Paru en 2005, Freakonomics, coécrit par l’économiste Steven Levitt et le journaliste Stephen Dubner, fut un petit phénomène éditorial avec quelque cinq millions d’exemplaires vendus aux États-Unis et dans le reste du monde. Devant ce succès, une poignée de producteurs a eu l’idée saugrenue d’adapter au cinéma quelques-unes des idées développées dans cet essai, sous la forme d’un documentaire « à sketches ». Le spectateur réalisera une économie substantielle en s’abstenant d’aller voir le résultat en salles.
Ne vous attendez pas à ce que Freakonomics propose une critique de fond du modèle économique dominant. Le film comme le livre se sont choisi un angle d’attaque bien moins ambitieux, bien que potentiellement pertinent : ils remettent en question quelques « idées reçues » en les passant à la moulinette de l’outil statistique (auquel est un peu hâtivement réduite la science économique).
Les producteurs ont embrigadé une demi-douzaine de documentaristes – pas les plus inspirés, hélas. Le plus connu, Morgan Spurlock était déjà responsable du pénible Super Size Me ; il signe la première partie du film, qui est aussi la plus faible. Mais, au niveau formel, aucun des quatre segments qui composent Freakonomics ne surnage vraiment.
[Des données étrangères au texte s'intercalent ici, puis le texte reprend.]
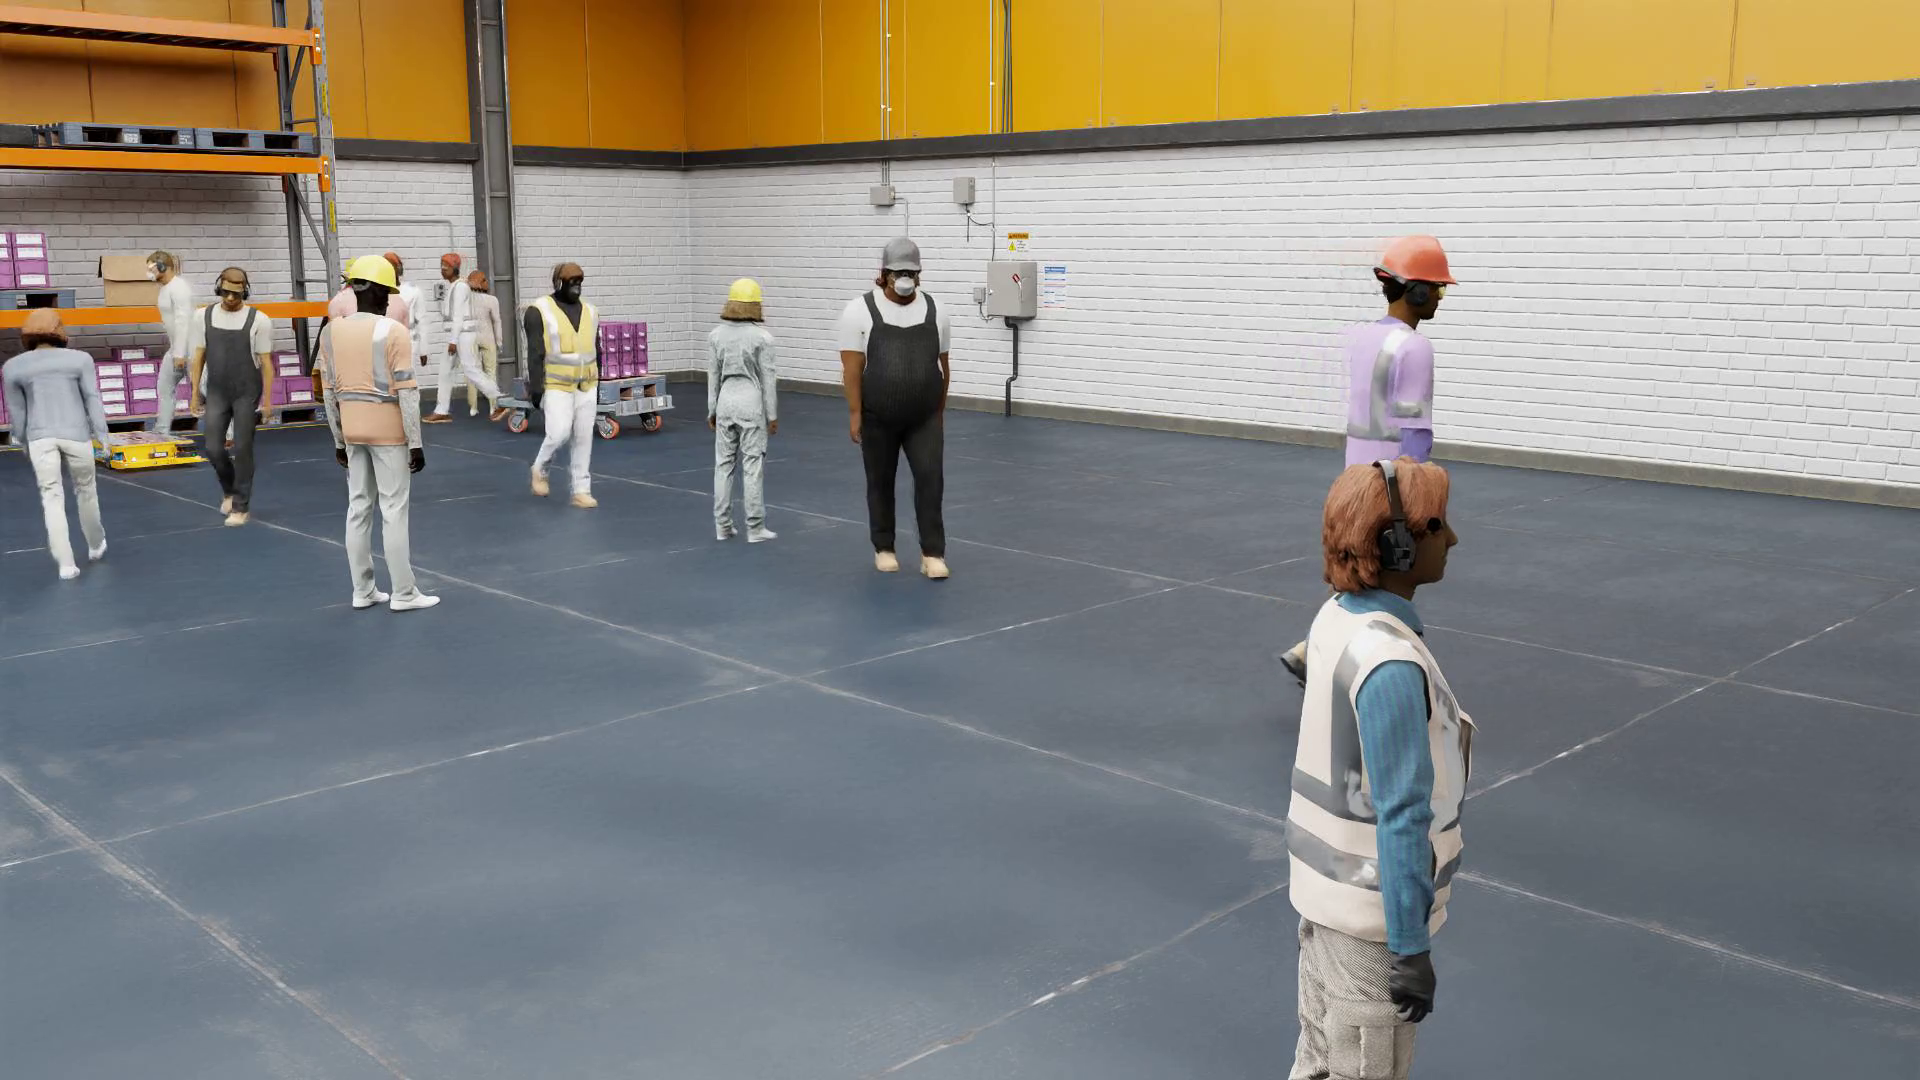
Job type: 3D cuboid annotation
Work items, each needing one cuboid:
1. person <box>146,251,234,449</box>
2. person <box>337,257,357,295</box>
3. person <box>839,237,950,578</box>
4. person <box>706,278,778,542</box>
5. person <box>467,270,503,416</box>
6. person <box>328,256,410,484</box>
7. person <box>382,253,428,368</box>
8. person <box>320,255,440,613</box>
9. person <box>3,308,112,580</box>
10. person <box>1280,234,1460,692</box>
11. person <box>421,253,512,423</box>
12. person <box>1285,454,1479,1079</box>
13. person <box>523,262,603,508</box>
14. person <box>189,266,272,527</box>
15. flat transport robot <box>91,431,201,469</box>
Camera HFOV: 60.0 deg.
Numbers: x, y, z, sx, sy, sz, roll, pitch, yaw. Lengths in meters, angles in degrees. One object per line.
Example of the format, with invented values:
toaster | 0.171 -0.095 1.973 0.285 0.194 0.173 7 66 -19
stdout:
person | -7.334 -1.756 15.593 0.872 1.873 0.648 -9 14 -41
person | -6.201 -2.043 17.348 0.587 1.802 0.825 4 11 22
person | -0.349 -0.781 9.801 0.690 2.000 0.828 -2 11 -12
person | -1.437 -0.853 11.013 0.497 1.744 0.310 4 11 21
person | -5.384 -2.206 18.684 0.500 1.633 0.285 0 10 2
person | -4.610 -1.273 13.005 0.671 1.857 0.976 -7 13 -35
person | -5.527 -1.854 16.196 0.577 1.832 0.981 1 10 4
person | -3.130 -0.563 8.951 0.585 1.917 0.380 4 11 20
person | -5.398 -0.595 9.998 0.525 1.584 0.828 -4 11 -23
person | 1.708 -0.209 6.737 0.561 2.031 0.620 -1 10 -5
person | -5.359 -2.181 17.997 0.904 1.854 0.569 -6 12 -29
person | 0.741 0.665 3.005 0.308 1.645 0.514 0 10 0
person | -2.947 -1.152 12.405 0.638 1.827 0.537 -10 14 -43
person | -5.062 -0.988 11.558 0.600 1.810 0.460 -1 10 -6
flat transport robot | -7.376 -0.816 14.822 0.652 0.197 1.431 -10 14 -44
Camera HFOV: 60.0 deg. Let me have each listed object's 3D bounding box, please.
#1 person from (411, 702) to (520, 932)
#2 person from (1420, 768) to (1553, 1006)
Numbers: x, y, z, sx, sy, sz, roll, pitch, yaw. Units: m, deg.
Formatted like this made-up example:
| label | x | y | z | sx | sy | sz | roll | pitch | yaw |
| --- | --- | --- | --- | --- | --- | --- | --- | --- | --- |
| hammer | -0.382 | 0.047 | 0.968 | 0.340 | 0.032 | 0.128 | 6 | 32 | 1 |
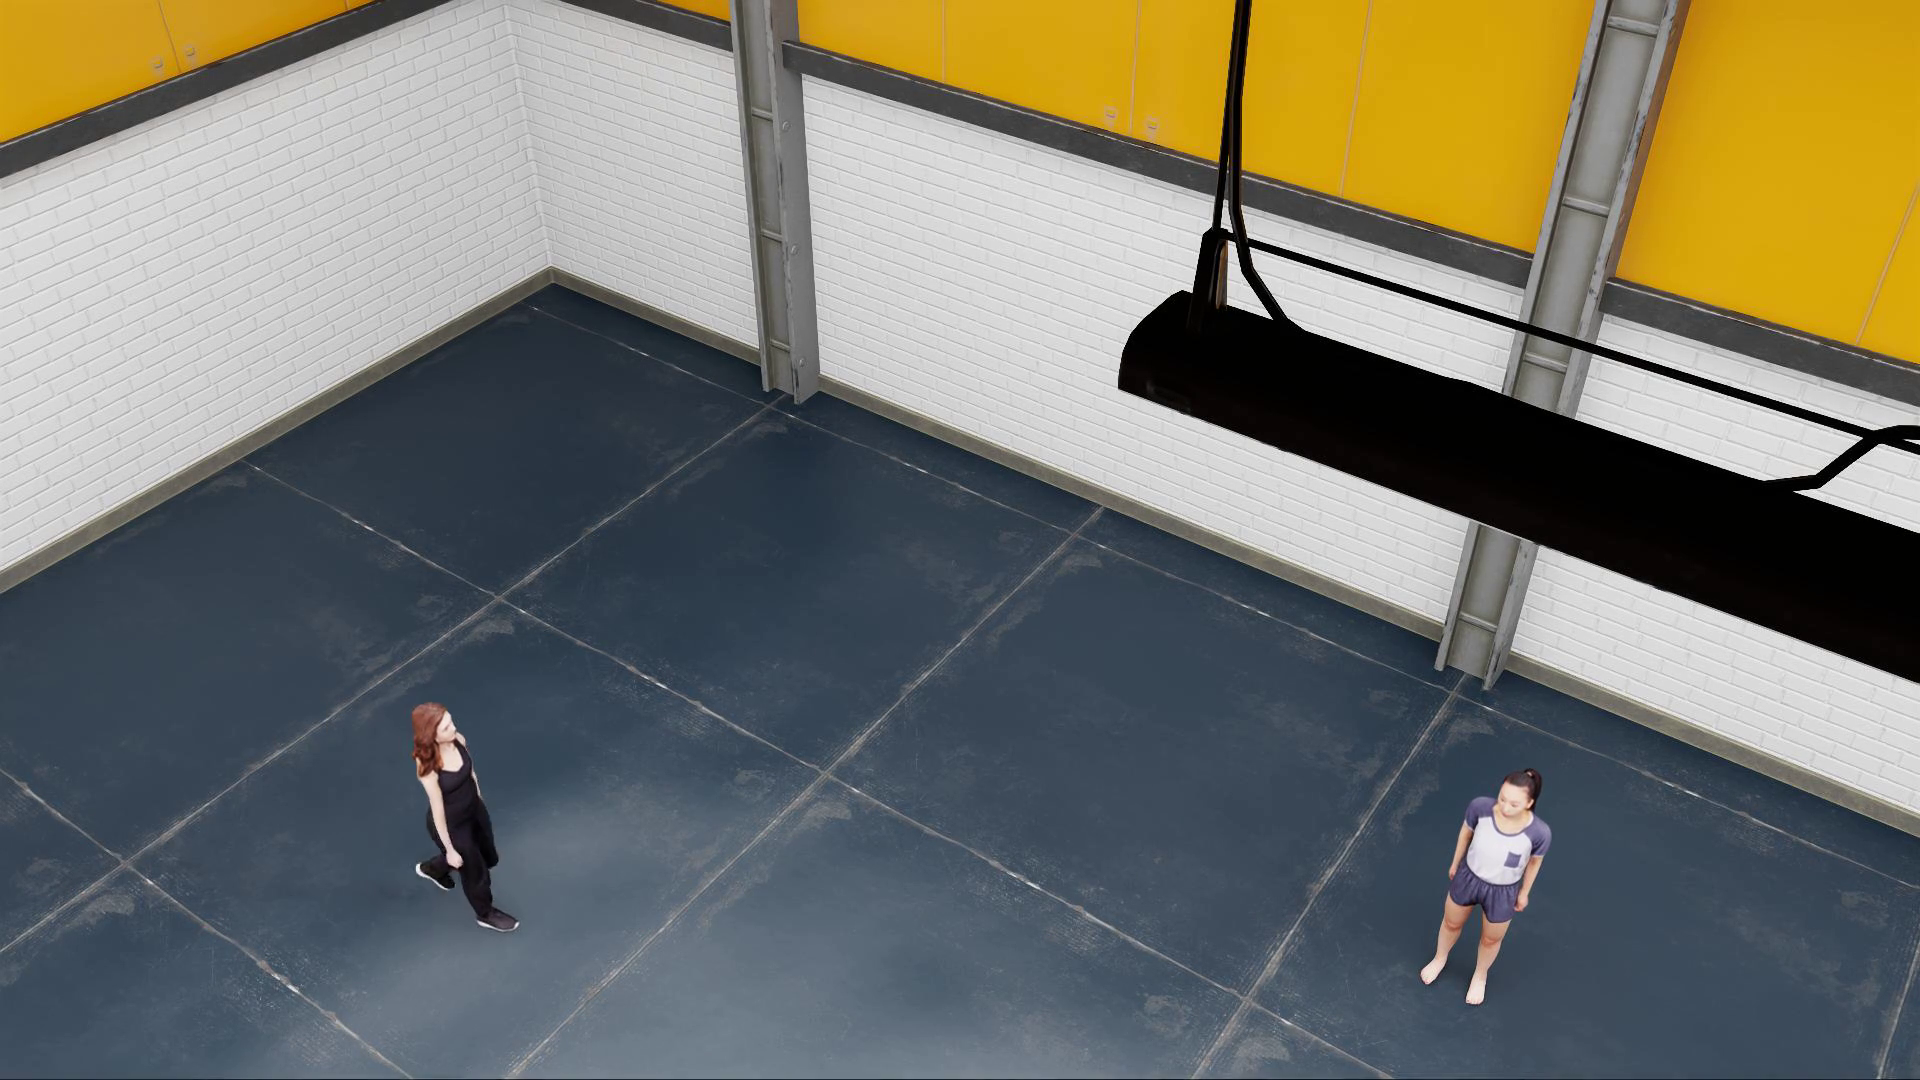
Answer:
| label | x | y | z | sx | sy | sz | roll | pitch | yaw |
| --- | --- | --- | --- | --- | --- | --- | --- | --- | --- |
| person | -2.857 | 1.525 | 9.175 | 0.950 | 1.733 | 0.768 | 9 | 40 | 11 |
| person | 2.810 | 1.829 | 8.862 | 0.457 | 1.650 | 0.651 | 22 | 44 | 25 |
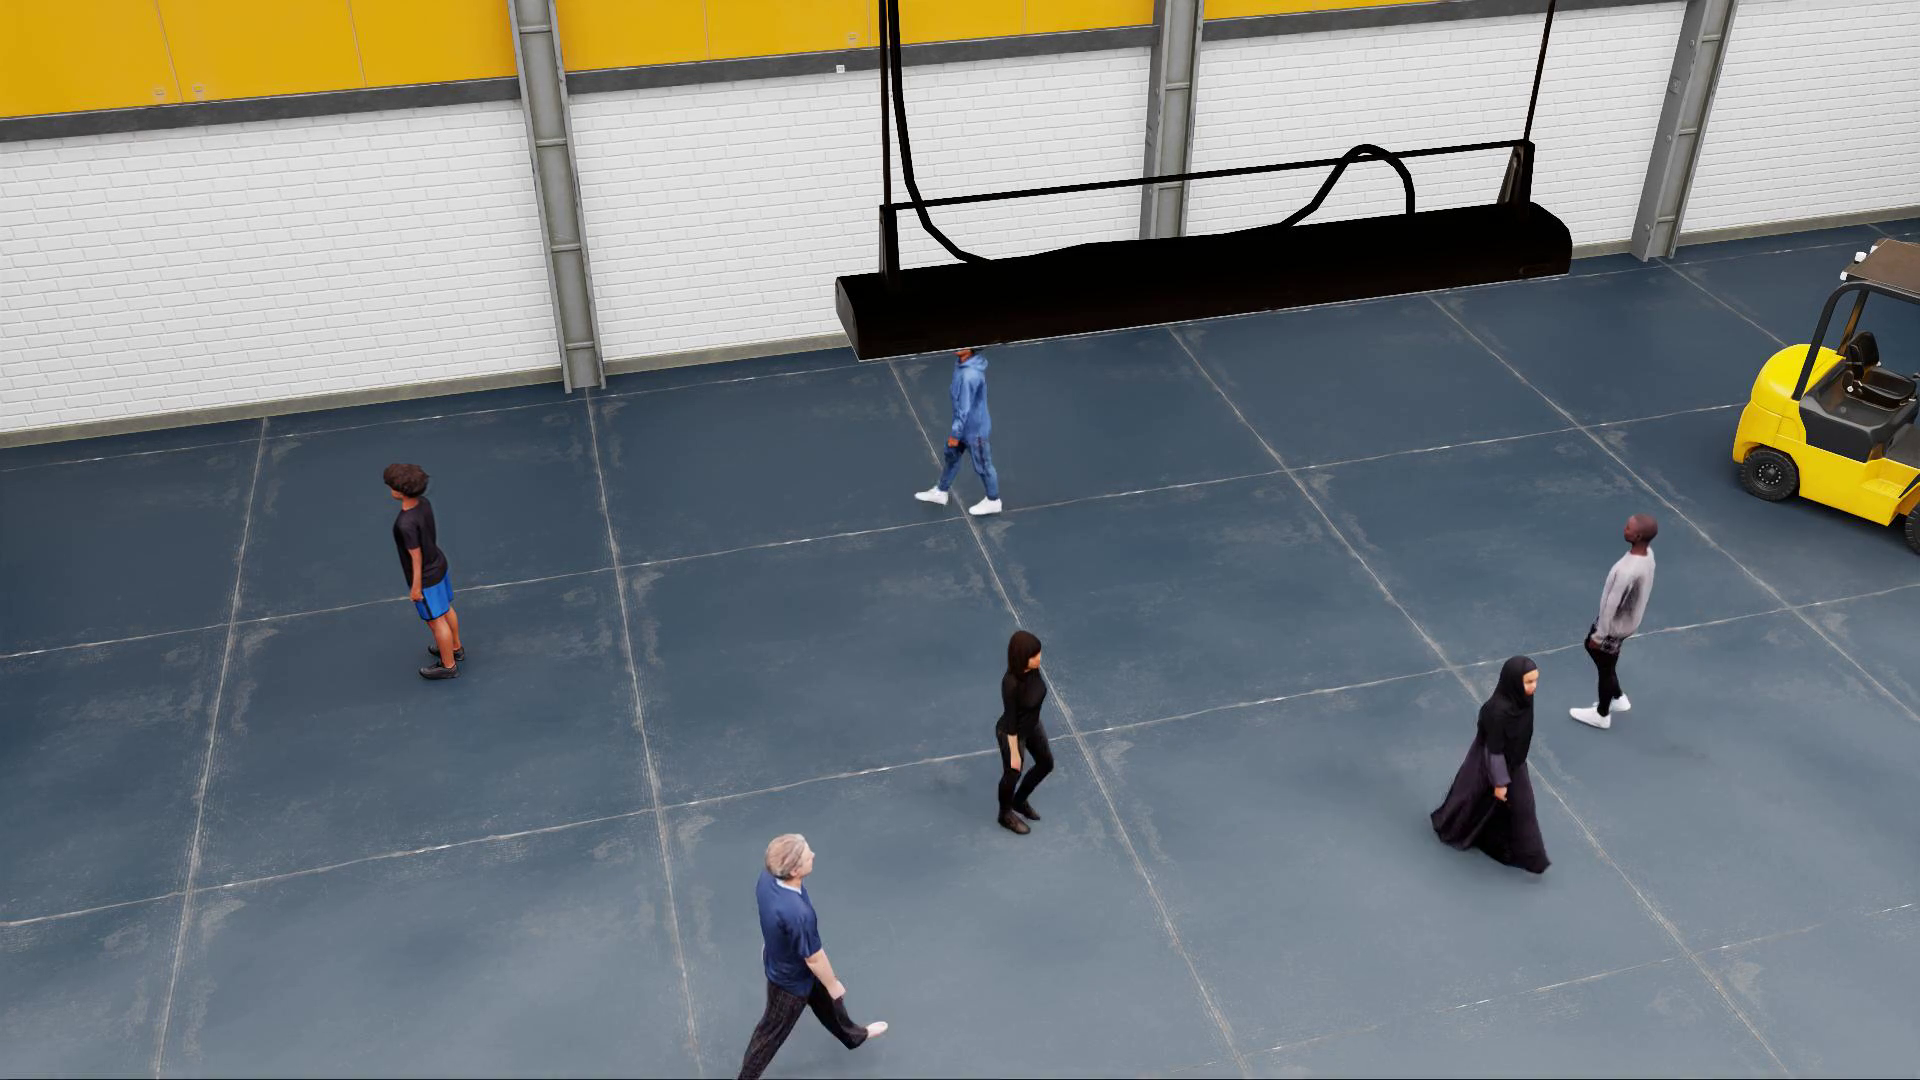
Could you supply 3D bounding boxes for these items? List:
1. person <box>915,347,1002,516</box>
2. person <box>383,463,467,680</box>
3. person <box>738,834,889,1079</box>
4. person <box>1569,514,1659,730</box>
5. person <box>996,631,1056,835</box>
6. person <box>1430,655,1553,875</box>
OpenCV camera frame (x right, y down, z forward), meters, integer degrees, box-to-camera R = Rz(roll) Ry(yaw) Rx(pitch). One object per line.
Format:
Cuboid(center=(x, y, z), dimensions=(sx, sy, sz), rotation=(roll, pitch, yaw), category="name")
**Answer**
Cuboid(center=(0.180, -0.994, 13.970), dimensions=(1.020, 1.780, 0.794), rotation=(-3, 34, -4), category="person")
Cuboid(center=(-3.891, 0.221, 12.128), dimensions=(0.632, 1.796, 0.668), rotation=(0, 34, 0), category="person")
Cuboid(center=(-0.985, 2.357, 8.897), dimensions=(1.173, 1.815, 0.717), rotation=(-11, 35, -15), category="person")
Cuboid(center=(4.664, 0.614, 11.566), dimensions=(0.822, 1.763, 0.762), rotation=(18, 38, 25), category="person")
Cuboid(center=(0.319, 1.222, 10.773), dimensions=(0.762, 1.628, 0.699), rotation=(18, 38, 25), category="person")
Cuboid(center=(3.355, 1.352, 10.593), dimensions=(1.076, 1.610, 0.908), rotation=(-21, 39, -28), category="person")
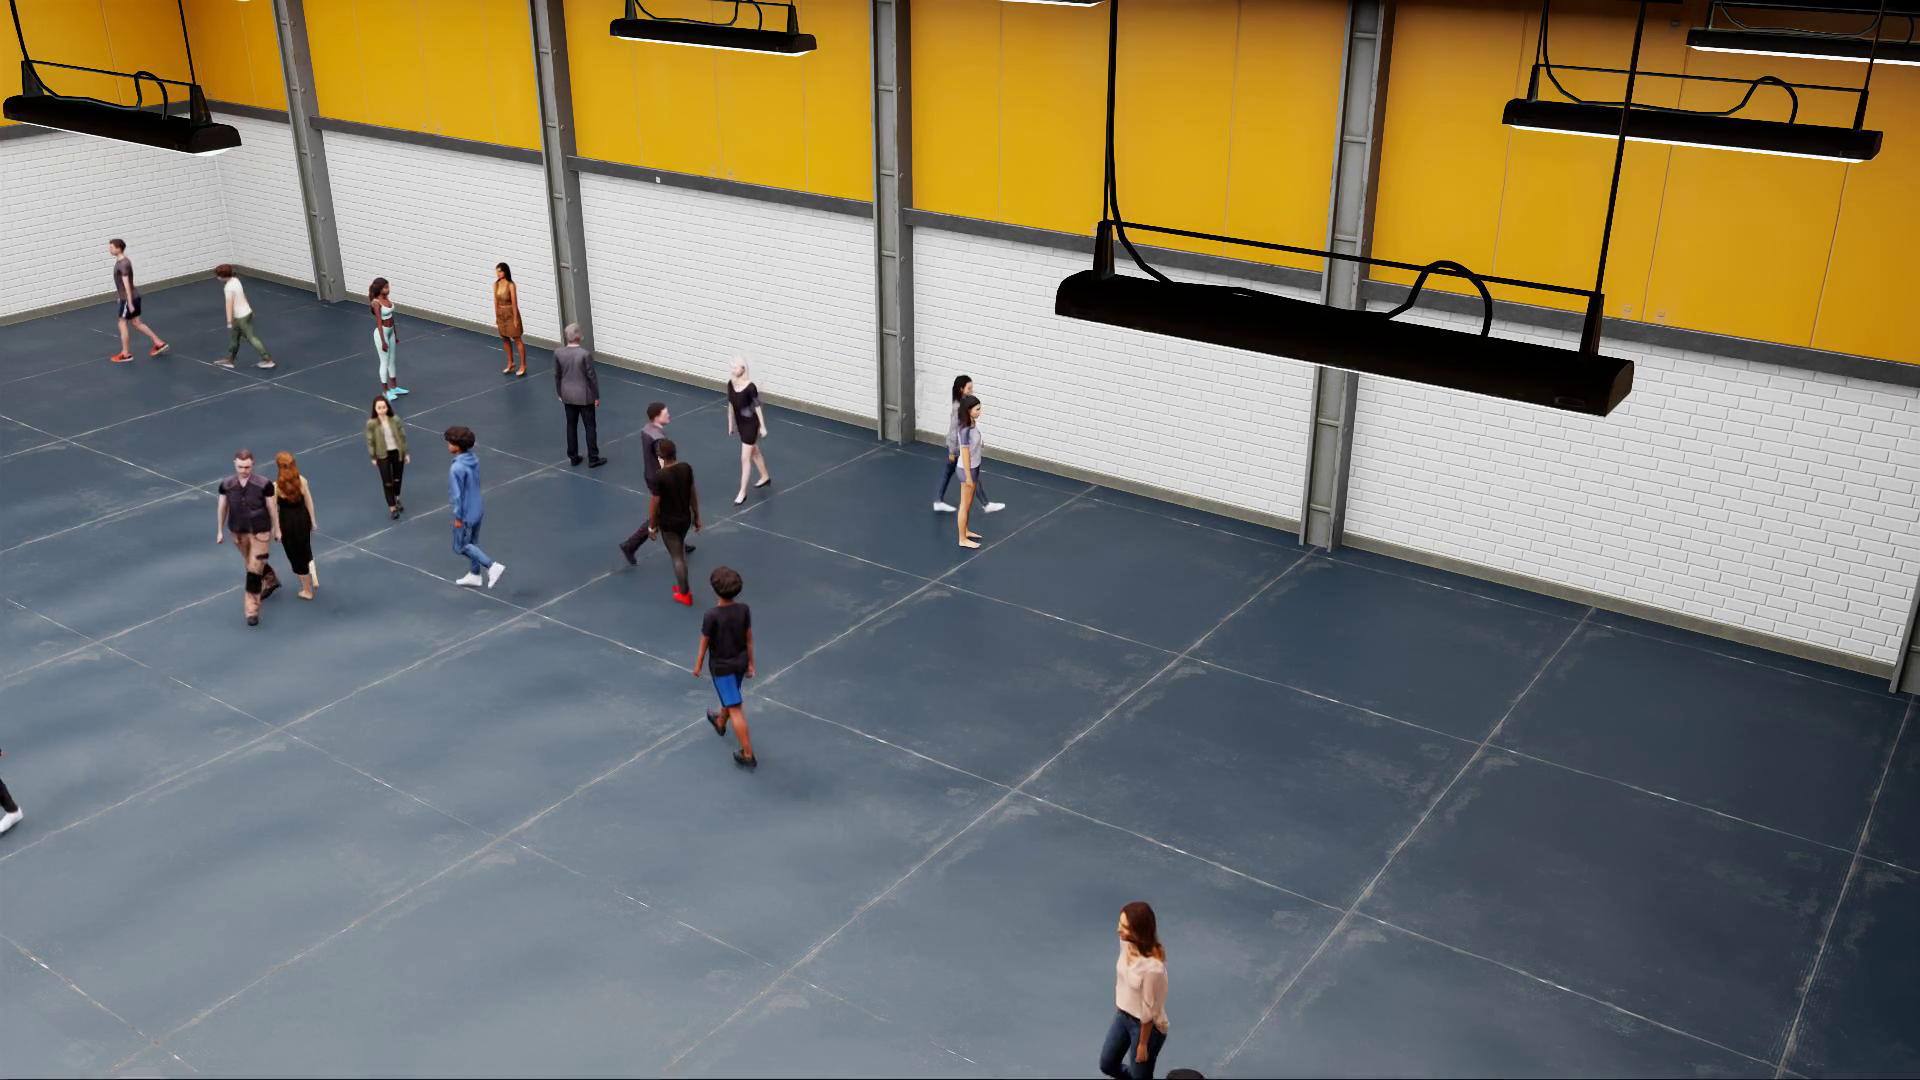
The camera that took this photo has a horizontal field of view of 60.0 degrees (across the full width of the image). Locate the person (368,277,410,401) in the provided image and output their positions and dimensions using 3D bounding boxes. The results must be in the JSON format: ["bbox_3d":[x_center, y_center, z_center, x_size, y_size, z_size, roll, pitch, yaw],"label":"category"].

Tous recourent aux mêmes effets faciles censés rendre leur vision ludique et séduisante : micros-trottoirs (soit le degré zéro de l’enquête et de la démonstration), musique sautillante, innombrables petites animations, fausse ingénuité du commentaire, surdramatisation, etc. Le plus souvent, l’image ne fait qu’illustrer platement ce que raconte l’incessante voix off. Concentré d’infotainment, Freakonomics aurait peut-être mérité d’être programmé un après-midi de semaine sur une chaîne de télévision généraliste, mais sa sortie en salles ne s’imposait pas.
La faiblesse de la mise en scène fait écho au simplisme du discours. Aux yeux du spectateur français, le film semblera enfoncer quelques portes ouvertes – quand on « découvre », par exemple, que le destin d’un enfant est bien moins conditionné par le prénom dont il a été affublé à la naissance que par son origine sociale… Toutefois, Freakonomics s’adresse en priorité au public américain, dont les préjugés ne sont pas forcément les mêmes que les nôtres. Et globalement, les thèses de Dubner et Levitt ne sont pas antipathiques ; la mise en évidence d’une corrélation entre la légalisation de l’avortement (sujet sensible s’il en est, de l’autre côté de l’Atlantique) et la chute de la criminalité dans les années 1980 est même assez culottée.
Pour autant, et même en tenant compte du contexte et de la volonté ouvertement vulgarisatrice de Levitt et Dubner, la plupart de leurs démonstrations restent modérément convaincantes, tant certains de leurs rapprochements sont hasardeux, et leurs présupposés problématiques. La démarche des auteurs est ainsi marquée par un positivisme un peu naïf : en vouant un culte aux Chiffres, censés pouvoir tout exprimer et tout expliquer, ils oublient que les statistiques peuvent aussi être manipulées, qu’on peut leur faire dire n’importe quoi, y compris le pire : rappelons que, dix ans avant Freakonomics, un autre succès de librairie américain, The Bell Curve, prétendait mettre en évidence scientifiquement des différences d’intelligence en fonction de l’appartenance dite « ethnique ». Par ailleurs, en posant le postulat que les individus ne sont mus que par leur petit intérêt égoïste, au détriment de tout autre valeur ou principe moral, Freakonomics ne s’éloigne guère de la vision étriquée de la société et de la nature humaine que véhicule la doxa libérale. Les auteurs sont bien moins iconoclastes qu’ils se prétendent.